SYNTHETIC DATA GENERATION

DataTools4Heart will propose new robust methods of Real-World Evidence (RWE) collection and data synthesis. Differentially private synthetic data will act as an innovative form of anonymous data with the advantages of being representative of the target population, able to expand its size whereas necessary, sharable for research and increasing knowledge, and usable to reduce bias in algorithmic development. As a result of this effort the CardioSynth dataset will be created as a private by design synthetic dataset which will remain as open-source legacy for further research. DataTools4Heart will validate the synthetic data generation through a comparative study of models learnt from synthetic data vs other means (privacy-preserving and not).

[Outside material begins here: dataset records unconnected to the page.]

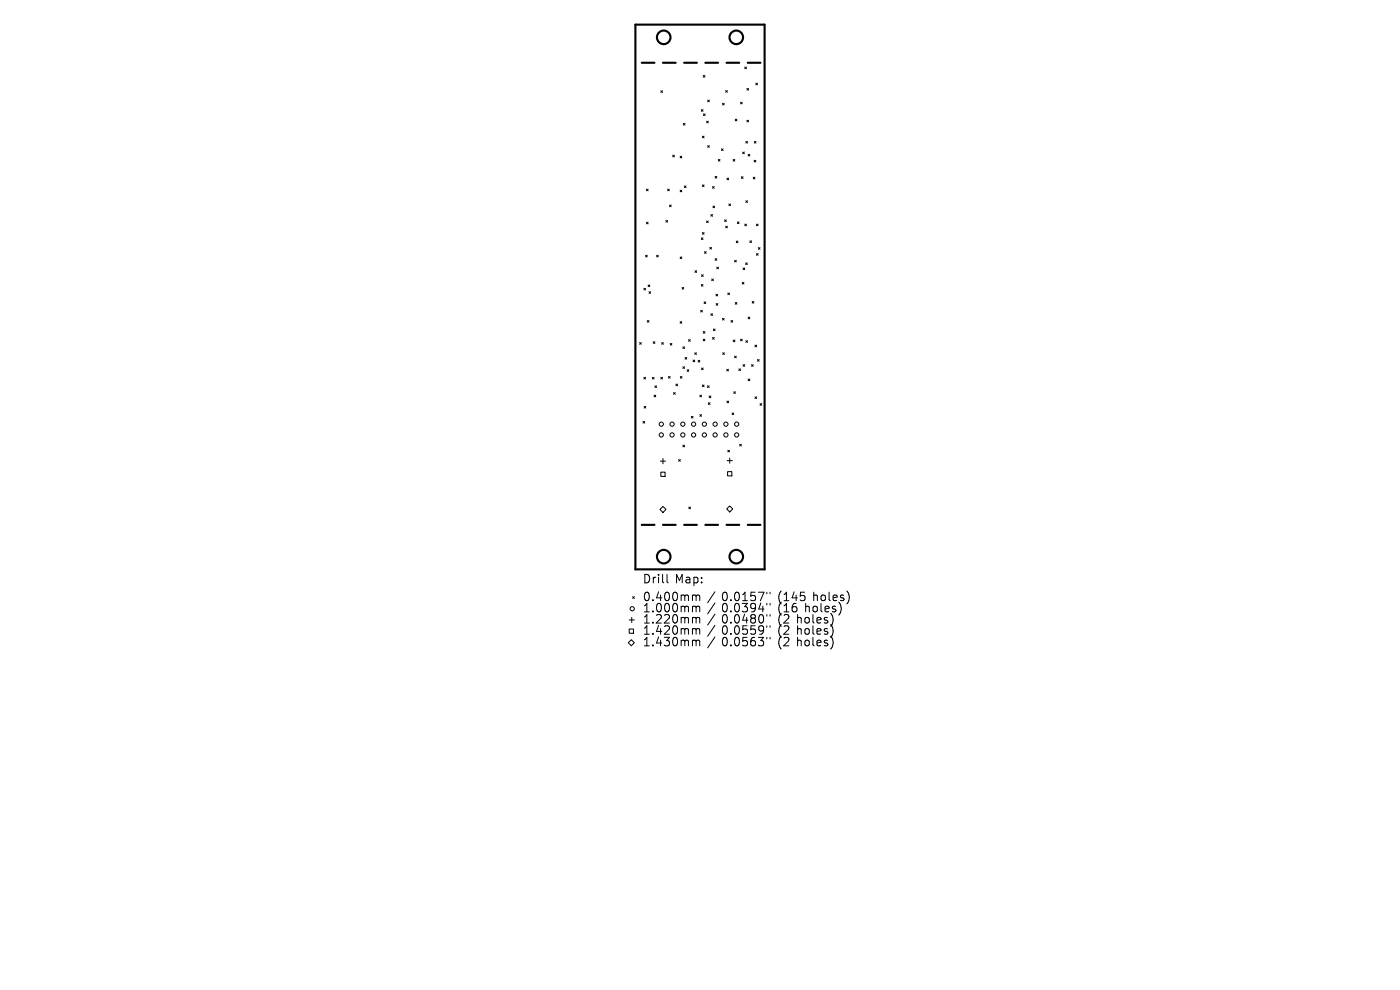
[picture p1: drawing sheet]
<svg xmlns="http://www.w3.org/2000/svg" width="297mm" height="210mm" viewBox="0 0 297 210" stroke-linecap="round" stroke-linejoin="round" font-family="sans-serif">
<defs><g id="words">
<g font-size="2.5">
<text x="136.4" y="124.1">Drill</text>
<text x="143.2" y="124.1">Map:</text>
<text x="136.4" y="127.9">0.400mm</text>
<text x="136.4" y="130.3">1.000mm</text>
<text x="153.1" y="127.9">0.0157&quot;</text>
<text x="153.1" y="130.3">0.0394&quot;</text>
<text x="165.1" y="127.9">(145</text>
<text x="165.1" y="130.3">(16</text>
<text x="170.9" y="130.3">holes)</text>
<text x="172.6" y="127.9">holes)</text>
<text x="136.4" y="132.6">1.220mm</text>
<text x="136.4" y="135">1.420mm</text>
<text x="136.4" y="137.5">1.430mm</text>
<text x="153.1" y="132.6">0.0480&quot;</text>
<text x="153.1" y="135">0.0559&quot;</text>
<text x="153.1" y="137.5">0.0563&quot;</text>
<text x="165.1" y="132.6">(2</text>
<text x="165.1" y="135">(2</text>
<text x="165.1" y="137.5">(2</text>
<text x="169.1" y="132.6">holes)</text>
<text x="169.1" y="135">holes)</text>
<text x="169.1" y="137.5">holes)</text>
</g>
</g></defs>
<g fill="none" stroke="#000" stroke-width=".45">
<path d="M134.8 5.2h27.4v115.6h-27.4zM136.1 13.3h2.7M140.6 13.3h2.7M145.1 13.3h2.7M149.6 13.3h2.7M154.1 13.3h2.7M158.6 13.3h2.7M136.1 111.3h2.7M140.6 111.3h2.7M145.1 111.3h2.7M149.6 111.3h2.7M154.1 111.3h2.7"/>
<path d="M158.6 111.3h2.7"/>
<circle cx="140.8" cy="7.9" r="1.44"/>
<circle cx="156.2" cy="7.9" r="1.44"/>
<circle cx="140.8" cy="118.1" r="1.44"/>
<circle cx="156.2" cy="118.1" r="1.44"/>
</g>
<g fill="none" stroke="#000" stroke-width=".21">
<path d="M140.2 19.3l.4 .3M140.6 19.3l-.4 .3M149.2 16l.3 .4M149.5 16l-.3 .4M154 19.2l.3 .4M154.3 19.2l-.3 .4M158 14.2l.4 .4M158.4 14.2l-.4 .4M158.4 18.8l.4 .3M158.8 18.8l-.4 .3M160.3 17.6l.4 .4M160.7 17.6l-.4 .4"/>
<path d="M142.7 32.9l.4 .4M143.1 32.9l-.4 .4M144.3 33.1l.3 .4M144.6 33.1l-.3 .4M145 26.2l.3 .3M145.2 39.4l.3 .4M145.3 26.2l-.3 .3M145.5 39.4l-.3 .4M148.8 23.3l.3 .3M149 39.2l.4 .4M149 28.9l.4 .3M149.1 23.3l-.3 .3"/>
<path d="M149.2 24.2l.4 .3M149.4 28.9l-.4 .3M149.4 39.2l-.4 .4M149.6 24.2l-.4 .3M149.9 25.7l.4 .4M150.1 21.2l.4 .4M150.1 30.9l.4 .4M150.3 25.7l-.4 .4M150.5 21.2l-.4 .4M150.5 30.9l-.4 .4M151.2 39.6l.3 .3M151.5 39.6l-.3 .3"/>
<path d="M151.7 37.4l.4 .4M152.1 37.4l-.4 .4M152.4 33.8l.3 .4M152.7 33.8l-.3 .4M153.1 31.6l.3 .3M153.3 21.9l.3 .4M153.4 31.6l-.3 .3M153.6 21.9l-.3 .4M154.2 37.8l.4 .3M154.6 37.8l-.4 .3M155.5 33.8l.4 .4M155.9 33.8l-.4 .4"/>
<path d="M156 25.3l.3 .3M156.3 25.3l-.3 .3M157.1 21.7l.4 .3M157.3 37.5l.3 .3M157.5 21.7l-.4 .3M157.5 32.2l.4 .4M157.6 37.5l-.3 .3M157.9 32.2l-.4 .4M158.2 30l.4 .4M158.4 25.5l.4 .4M158.6 30l-.4 .4M158.7 32.7l.4 .4"/>
<path d="M158.8 25.5l-.4 .4M159.1 32.7l-.4 .4M159.8 37.6l.4 .4M160 34l.3 .4M160 30l.4 .4M160.2 37.6l-.4 .4M160.3 34l-.3 .4M160.4 30l-.4 .4M137 54.1l.3 .4M137.1 40.1l.4 .4M137.1 47.1l.4 .4M137.3 54.1l-.3 .4"/>
<path d="M137.5 40.1l-.4 .4M137.5 47.1l-.4 .4M139.3 54.1l.4 .4M139.7 54.1l-.4 .4M141.3 46.8l.3 .3M141.6 46.8l-.3 .3M141.6 40.1l.4 .4M142 40.1l-.4 .4M142 43.5l.4 .3M142.4 43.5l-.4 .3M144.3 40.3l.3 .4M144.3 54.5l.3 .4"/>
<path d="M144.6 40.3l-.3 .4M144.6 54.5l-.3 .4M147.4 57.4l.4 .4M147.8 57.4l-.4 .4M148.8 50.5l.3 .3M148.8 58.3l.4 .3M149 49.3l.4 .4M149.1 50.5l-.3 .3M149.2 58.3l-.4 .3M149.4 49.3l-.4 .4M149.5 53.4l.3 .3M149.8 53.4l-.3 .3"/>
<path d="M149.9 46.9l.4 .3M150.3 46.9l-.4 .3M150.6 52.5l.3 .3M150.8 45.5l.4 .4M150.9 52.5l-.3 .3M151 59.2l.3 .3M151.2 45.5l-.4 .4M151.3 43.7l.3 .4M151.3 59.2l-.3 .3M151.6 43.7l-.3 .4M151.7 54.9l.4 .3M152.1 54.9l-.4 .3"/>
<path d="M152.1 56.7l.3 .3M152.4 56.7l-.3 .3M153.7 46.6l.4 .4M153.9 48l.4 .3M154.1 46.6l-.4 .4M154.3 48l-.4 .3M154.6 43.3l.4 .3M155 43.3l-.4 .3M155.8 55.2l.4 .4M156.2 55.2l-.4 .4M156.2 51.1l.4 .4M156.4 47.1l.4 .3"/>
<path d="M156.6 51.1l-.4 .4M156.8 47.1l-.4 .3M157.5 59.9l.3 .4M157.6 56.8l.4 .4M157.8 59.9l-.3 .4M158 56.8l-.4 .4M158 47.5l.4 .4M158.2 55.8l.3 .3M158.2 42.6l.4 .3M158.4 47.5l-.4 .4M158.5 55.8l-.3 .3M158.6 42.6l-.4 .3"/>
<path d="M159.1 51.1l.3 .3M159.4 51.1l-.3 .3M160.5 47.5l.3 .4M160.5 53.8l.3 .3M160.8 47.5l-.3 .4M160.8 53.8l-.3 .3M160.9 52.5l.3 .4M161.2 52.5l-.3 .4M135.7 72.7l.4 .3M136.1 72.7l-.4 .3M136.6 61.2l.4 .3M137 61.2l-.4 .3"/>
<path d="M137.3 68l.4 .4M137.5 60.4l.4 .4M137.7 68l-.4 .4M137.7 61.9l.3 .3M137.9 60.4l-.4 .4M138 61.9l-.3 .3M138.6 72.5l.3 .3M138.9 72.5l-.3 .3M140.4 72.7l.3 .3M140.7 72.7l-.3 .3M141.8 79.9l.4 .3M142.2 72.8l.3 .4"/>
<path d="M142.2 79.9l-.4 .3M142.5 72.8l-.3 .4M144.3 68.2l.3 .4M144.3 79.9l.4 .3M144.6 68.2l-.3 .4M144.7 79.9l-.4 .3M144.7 61l.3 .3M144.9 73.6l.3 .3M144.9 77.8l.3 .4M145 61l-.3 .3M145.2 73.6l-.3 .3M145.2 77.8l-.3 .4"/>
<path d="M145.3 75.8l.4 .4M145.7 75.8l-.4 .4M145.8 78.4l.3 .4M146.1 72l.3 .4M146.1 78.4l-.3 .4M146.4 72l-.3 .4M147 76.4l.4 .3M147.4 76.4l-.4 .3M147.4 74.8l.3 .4M147.7 74.8l-.3 .4M148.1 76.4l.4 .4M148.5 76.4l-.4 .4"/>
<path d="M148.6 65.8l.4 .4M148.8 60.3l.3 .4M148.8 78.1l.4 .3M149 65.8l-.4 .4M149.1 60.3l-.3 .4M149.2 78.1l-.4 .3M149.2 70.3l.3 .4M149.2 71.9l.3 .4M149.4 64l.3 .4M149.5 70.3l-.3 .4M149.5 71.9l-.3 .4M149.7 64l-.3 .4"/>
<path d="M150.8 66.6l.4 .3M151.2 66.6l-.4 .3M151.2 71.6l.3 .3M151.3 69.8l.4 .4M151.5 71.6l-.3 .3M151.7 69.8l-.4 .4M151.9 62.4l.3 .4M151.9 64.4l.4 .4M152.2 62.4l-.3 .4M152.3 64.4l-.4 .4M153.3 67.5l.3 .4M153.3 74.8l.4 .4"/>
<path d="M153.6 67.5l-.3 .4M153.7 74.8l-.4 .4M154.2 78.3l.3 .4M154.4 62.1l.4 .4M154.5 78.3l-.3 .4M154.8 62.1l-.4 .4M155.1 68l.3 .4M155.4 68l-.3 .4M155.5 72.1l.4 .4M155.8 75.5l.4 .4M155.9 72.1l-.4 .4M156 64.2l.3 .3"/>
<path d="M156.2 75.5l-.4 .4M156.3 64.2l-.3 .3M156.7 78.2l.4 .4M157.1 78.2l-.4 .4M157.1 71.9l.4 .4M157.5 71.9l-.4 .4M157.6 77.3l.4 .4M158 77.3l-.4 .4M158.2 72.3l.4 .3M158.6 72.3l-.4 .3M158.7 67.3l.4 .3M159.1 67.3l-.4 .3"/>
<path d="M159.4 77.3l.4 .4M159.6 63.9l.3 .4M159.8 77.3l-.4 .4M159.9 63.9l-.3 .4M160.2 73.2l.3 .4M160.5 73.2l-.3 .4M160.7 76.3l.4 .3M161.1 76.3l-.4 .3M136.4 89.4l.4 .4M136.6 80l.4 .4M136.6 86.2l.4 .4M136.8 89.4l-.4 .4"/>
<path d="M137 80l-.4 .4M137 86.2l-.4 .4M138.4 80l.4 .4M138.8 80l-.4 .4M138.8 83.8l.3 .4M138.9 81.8l.4 .4M139.1 83.8l-.3 .4M139.3 81.8l-.4 .4M140.1 97.8h1.1M140.2 80l.4 .4M140.6 80l-.4 .4M140.6 97.3v1.1"/>
<path d="M142.9 83.3l.3 .3M143.2 83.3l-.3 .3M143.4 81.5l.3 .3M143.7 81.5l-.3 .3M144 97.5l.3 .3M144.3 97.5l-.3 .3M144.9 94.4l.3 .4M145.2 94.4l-.3 .4M146.7 88.3l.3 .4M147 88.3l-.3 .4M148.5 83.8l.3 .4M148.5 88l.3 .3"/>
<path d="M148.8 83.8l-.3 .4M148.8 88l-.3 .3M149 81.7l.4 .3M149.4 81.7l-.4 .3M150.1 81.8l.3 .4M150.3 85.4l.3 .4M150.4 81.8l-.3 .4M150.4 84l.4 .4M150.6 85.4l-.3 .4M150.8 84l-.4 .4M154.2 85.1l.4 .3M154.3 97.7h1.1"/>
<path d="M154.4 95.5l.4 .4M154.6 85.1l-.4 .3M154.8 95.5l-.4 .4M154.8 97.2v1.1M155.3 87.6l.4 .4M155.7 83.1l.3 .4M155.7 87.6l-.4 .4M156 83.1l-.3 .4M156.9 94.3l.4 .3M157.3 94.3l-.4 .3M158.7 80.4l.4 .4M159.1 80.4l-.4 .4"/>
<path d="M160.2 84.2l.3 .3M160.5 84.2l-.3 .3M161.2 85.6l.4 .4M161.6 85.6l-.4 .4M140 108.1l.6-.7 .7 .7-.7 .6zM140.2 100.2h.9v.9h-.9zM146.1 107.6l.4 .3M146.5 107.6l-.4 .3M154.2 108l.6-.7 .6 .7-.6 .6zM154.4 100h.9v1h-.9zM133.5 131.5h1.1M133.5 133.4h.9v.9h-.9z"/>
<path d="M133.9 135.7l.7 .6-.7 .7-.6-.7zM134 131v1.1M134.2 126.6l.4 .3M134.6 126.6l-.4 .3M141.5 121.8v1.6l.3 .2M147.4 126.2l.3 .3M147.4 128.6l.3 .3M147.4 131l.3 .2M147.4 133.3l.3 .3M147.4 135.8l.3 .3M147.7 126.5v.9M147.7 128.9v.9"/>
<path d="M147.7 131.2v1M147.7 133.6v.9M147.7 136.1v.9M147.7 126.5l.2-.3 .5 .1v1.1M147.7 128.9l.2-.3 .5 .1v1.1M147.7 131.2l.2-.2 .5 .1v1.1M147.7 133.6l.2-.3 .5 .1v1.1M147.7 136.1l.2-.3 .5 .1v1.1M151.7 125.5l-1.6 2.3M151.7 127.9l-1.6 2.3M151.7 130.3l-1.6 2.3M151.7 132.7l-1.6 2.3"/>
<path d="M151.7 135.1l-1.6 2.3M162.7 125.6v.4M162.7 128v.3M162.7 130.4v.3M162.7 132.7v.4M162.7 135.2v.3M163.4 125.6v.4M163.4 128v.3M163.4 130.4v.3M163.4 132.7v.4M163.4 135.2v.3M176.7 133.3v1.2"/>
<path d="M176.7 135.7v1.2M176.7 131.3v.8M178.5 128.9l-.1 .8M180.1 126.1v1.2"/>
<circle cx="140.3" cy="90" r=".45"/>
<circle cx="140.3" cy="92.3" r=".45"/>
<circle cx="142.6" cy="90" r=".45"/>
<circle cx="142.6" cy="92.3" r=".45"/>
<circle cx="144.9" cy="90" r=".45"/>
<circle cx="144.9" cy="92.3" r=".45"/>
<circle cx="147.1" cy="90" r=".45"/>
<circle cx="147.1" cy="92.3" r=".45"/>
<circle cx="149.4" cy="90" r=".45"/>
<circle cx="149.4" cy="92.3" r=".45"/>
<circle cx="151.7" cy="90" r=".45"/>
<circle cx="151.7" cy="92.3" r=".45"/>
<circle cx="154" cy="90" r=".45"/>
<circle cx="154" cy="92.3" r=".45"/>
<circle cx="156.3" cy="90" r=".45"/>
<circle cx="156.3" cy="92.3" r=".45"/>
<circle cx="134.1" cy="129.1" r=".45"/>
</g>
<use href="#words"/>
</svg>

ARTIFICIAL INTELLIGENCE - VIRTUAL ASSISTANTS

DataTools4Heart will develop an open platform with Artificial Intelligence-powered Virtual Assistants (AI-VA), as a main user interface, to support multilingual interaction in at least 7 languages and help clinicians, researchers and data scientists navigate through large-scale multi-source federated patient datasets in clinical cardiology. AI-VA usability will be demonstrated and assessed through pilot studies based on concrete real-world clinical use-cases for heart disease patient referral in outpatient and emergency units, with wide validation across 7 hospitals across Europe. AI-VA will be built to facilitate use of the DataTools4Heart tools, including visualisation capabilities and uncertainty estimates that will be rigorously tested.

CARDIOSYNTH DATASET

DataTools4Heart will generate and make available CardioSynth, a synthetic dataset for cardiology with clinically consistent structured and unstructured data, working as a federated, General Data Protection Regulation (GDPR) compliant, open-source resource for the research and professional community. The CardioSynth Dataset will be produced and made openly available to be used to fine-tune the concept normalisation system and find eligible groups of synthetic patients.

CODE OF CONDUCT

DataTools4Heart will propose a draft “Code of Conduct” to ensure compliance with the General Data Protection Regulation (GDPR), including legal and technical standards for the responsible reuse and sharing of pseudonymized and synthetic health data across EU Member States. The Code will be informed by input from DT4H events with stakeholders and patient advocacy groups and will provide a standard for clinical research entities, whether private or public, as data controllers or processors. The aim is to facilitate secure sharing of pseudonymized and synthetic data in the medical research field, while preserving the rights of the data subjects.